Following laser ablation, the slide was imaged in a Nikon Instruments Eclipse Ti-E Inverted Microscope, at 40 × magnification with images captured using a Photometrics Cascade:1 K EMCCD Imaging Camera (Coherent Scientific SA, Australia). The discreet ablated spots were then measured and images were captured.
Results and Discussion
Once the images of the ablated slides were captured and ablation spot diameters measured, an immediate trend was recognized. Focusing was performed by using the in-built arbitrary unit scale on the bracket that contained the final collimating lens.
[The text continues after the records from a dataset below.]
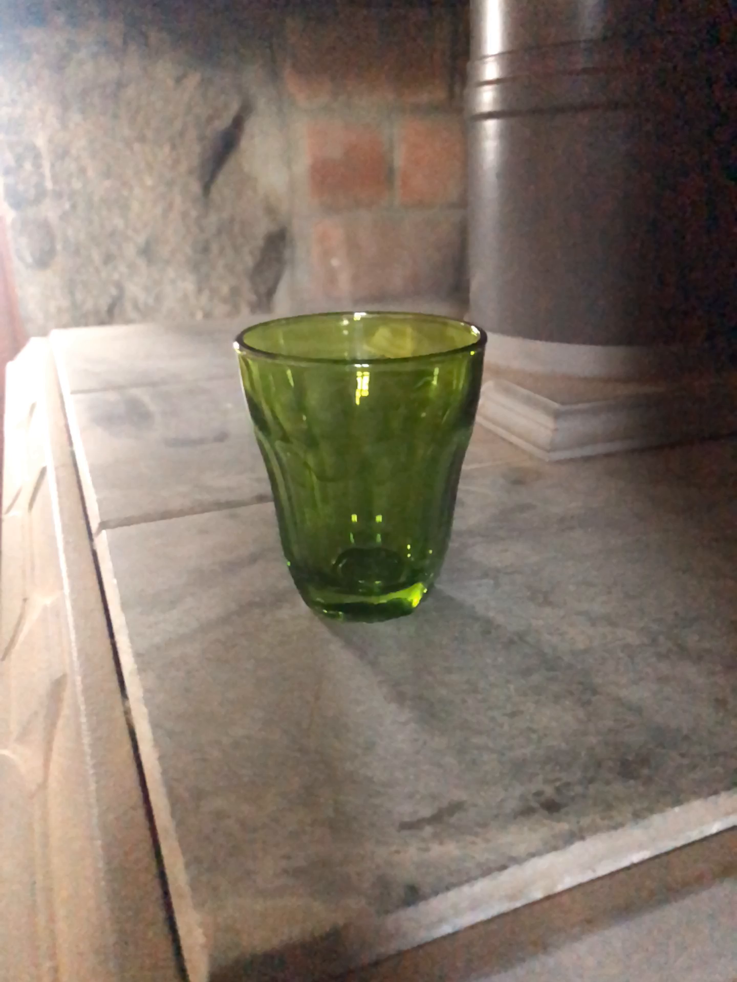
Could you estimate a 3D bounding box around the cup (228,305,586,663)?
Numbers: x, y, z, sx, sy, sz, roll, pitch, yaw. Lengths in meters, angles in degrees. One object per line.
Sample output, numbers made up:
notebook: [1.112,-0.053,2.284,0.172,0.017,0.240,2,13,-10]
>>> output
cup: [0.008,-0.010,0.258,0.080,0.080,0.080,-1,21,0]
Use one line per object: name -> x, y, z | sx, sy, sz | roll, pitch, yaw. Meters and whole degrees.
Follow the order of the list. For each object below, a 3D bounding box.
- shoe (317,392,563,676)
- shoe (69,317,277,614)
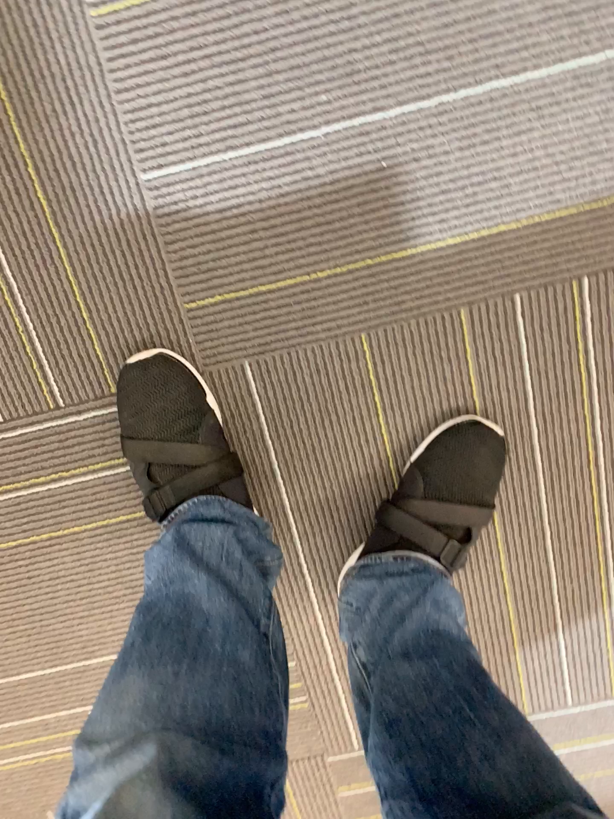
shoe -> 0.141, 0.149, 0.740 | 0.120, 0.110, 0.301 | 28, 107, -11
shoe -> -0.138, 0.065, 0.720 | 0.120, 0.120, 0.301 | -16, 110, 5

The bracket is able to be slid up and down, lengthening and shortening the distance between the laser output and the sample in increments on a range of –9 to +25. By adjusting the laser in increments of 5 units, it was easy to see the effect of adjusting this distance.
The laser was then sampled at both extremes of the range of movement, producing starkly different results, which could each be equally useful depending on the desired result.
The spots also appear to be more uniformly ablated, which, as we have characterized previously , has potential implications for the integrity of the data analyzed from subsequent ablation locations.
From the above results, it is clear that by making minor adjustments to the optics of the instrument, significantly different effects can be achieved. The advantage of this is that the laser can be manually tuned to suit the intended purpose. In the case of a –9 adjustment, this could be applied to a sample where a high abundance known target needs to be imaged looking for presence or absence with maximum spatial resolution. In this case total ionization is not needed to maximize signal intensity as there is already sufficient ionization to generate high quality signal, even with the diminished area of effective ionization.
Conversely to the above, a +25 signal would be most beneficial when the most accurate relative quantitative result is needed for a wide spread of unknown molecules. In this case, total ionization of the sample is important as it localizes the ions within a particular spot (in this case it is limited to the 100 μm laser diameter) to its respective pixel, without leaving anything behind.
Our primary motivation for conducting this work was to continue investigating ways of improving several aspects of MALDI-MS. Although it is now a reasonably well-established technique, understanding the mechanisms behind laser ablation patterns  and other physiochemical phenomena are relatively new.
As we initially stated, the acquisition or modification of new instrumentation is an expensive undertaking that is beyond the reach or ability of many smaller research institutions. With this in mind, we hope that we have demonstrated that it is possible to tweak complex instrumentation in minor ways that can have significant impacts, allowing a higher level of customization and ultimately extending the range of application and improving existing data without the need for expensive or potentially destructive physical modifications to the instrument.